You will never have the courage to live the future if you don’t allow yourself to dream
When I think about the future I have this wild image of life in my head. People talk about buying a house, starting a family and finding a good job, but it occurred to me I never dreamt of any of these things. I never really imagined myself living somewhere for the rest of my life. I don’t even know if I could. When I dream about the future I simply get this untameable urge for freedom, for nature, for wilderness and for beauty. Sadly when I start thinking about these things I realise that society currently forms a cage for people and makes them do the same, dress the same, walk the same, study the same and dream the same. All measures are taken to ensure that people are the same, but let’s face it: they are not!
People have different urges, different ideas, different weaknesses and different dreams. It should be about embracing these differences, because exactly these create richness and beauty in the world. We shouldn’t be the same, we cannot be the same, but we should love the differences between people and support each other. We can keep on denying the truth, we can keep on hiding, but we cannot avoid it. One day or another we need to face reality and embrace the richness and differences around us.
Listen, talk, be open-minded, look around, help and have respect.
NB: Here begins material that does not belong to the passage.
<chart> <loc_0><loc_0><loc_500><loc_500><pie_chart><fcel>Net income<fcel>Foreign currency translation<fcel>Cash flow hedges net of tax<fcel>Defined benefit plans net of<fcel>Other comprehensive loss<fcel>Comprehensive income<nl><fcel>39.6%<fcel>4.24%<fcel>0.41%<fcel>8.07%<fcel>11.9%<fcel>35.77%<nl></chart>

Maybe you end up learning something you never expected. And oh damn, I am ready to learn, learn from people, learn from nature and learn from the world. Learn through failure, learn by hitting boundaries and learn from being down and finding a way back up. Maybe learn from just having time, taking time to think, listen, feel and observe. Because discovering the world, discovering other people is not possible without discovering yourself.
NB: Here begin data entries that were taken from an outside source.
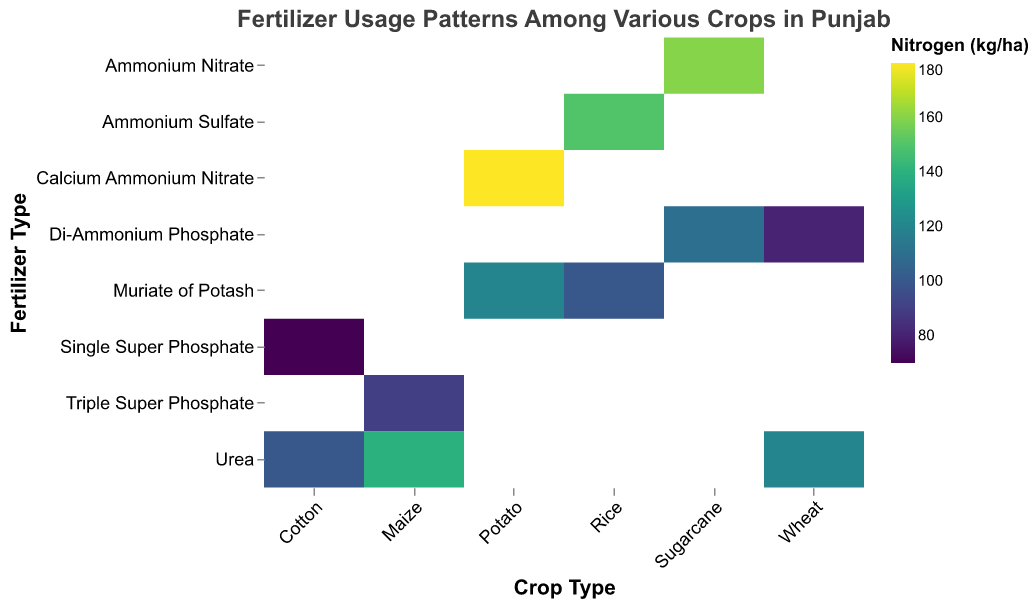What is the title of the heatmap? The title of the heatmap is located at the top and reads "Fertilizer Usage Patterns Among Various Crops in Punjab".
Answer: Fertilizer Usage Patterns Among Various Crops in Punjab Which crop has the highest nitrogen usage when considering Urea as the fertilizer? By examining the color intensity in the Urea row across different crops, Potato stands out with a darker shade indicating higher nitrogen usage.
Answer: Potato What is the nitrogen usage for Wheat with Di-Ammonium Phosphate as the fertilizer? By looking at the intersection of Wheat on the x-axis and Di-Ammonium Phosphate on the y-axis, the tooltip or color legend indicates a nitrogen usage.
Answer: 80 kg/ha Which crop-fertilizer combination has the highest phosphorus usage? Checking the tooltip values for each intersection, Rice with Muriate of Potash shows the highest phosphorus value of 75 kg/ha.
Answer: Rice with Muriate of Potash Compare the potassium usage between Sugarcane with Ammonium Nitrate and Maize with Urea. Look at the intersection points for Sugarcane with Ammonium Nitrate and Maize with Urea on the heatmap, and check their potassium values. Sugarcane with Ammonium Nitrate has 60 kg/ha, and Maize with Urea has 40 kg/ha.
Answer: Sugarcane with Ammonium Nitrate has higher potassium usage Which crop has the most diverse range of fertilizers used in terms of the number of different types of fertilizer? By counting the unique fertilizers listed for each crop on the y-axis, it is noticed that Potato and Sugarcane each have two different fertilizers mentioned.
Answer: Potato and Sugarcane What is the average nitrogen usage for Cotton across all fertilizers? The nitrogen values for Cotton are 100 kg/ha with Urea and 70 kg/ha with Single Super Phosphate. Summing these gives 170 kg/ha and averaging them (170/2) provides 85 kg/ha.
Answer: 85 kg/ha How does the phosphorus usage for Wheat with Urea compare to Wheat with Di-Ammonium Phosphate? By comparing the tooltip values at the intersection for Wheat with both fertilizers, Wheat with Urea has 60 kg/ha of phosphorus, while Wheat with Di-Ammonium Phosphate has 45 kg/ha.
Answer: Wheat with Urea has higher phosphorus usage What is the total nitrogen usage for Potato across all fertilizers? The nitrogen values for Potato with Calcium Ammonium Nitrate and Muriate of Potash are 180 kg/ha and 120 kg/ha, respectively. Summing these gives a total of 300 kg/ha.
Answer: 300 kg/ha

Possibly that is the hardest part. Maybe you don’t like what you find. If I am honest, I don’t like everything I already discovered about myself. Maybe I can even say that I am scared to further discover who I am together with people who don’t even realise what they do for me, how they change me.
Anyhow, it is a long road, a beautiful road. A road heading to an unknown future, but I promise you, even though I don’t know where I am heading, it will not be a boring one.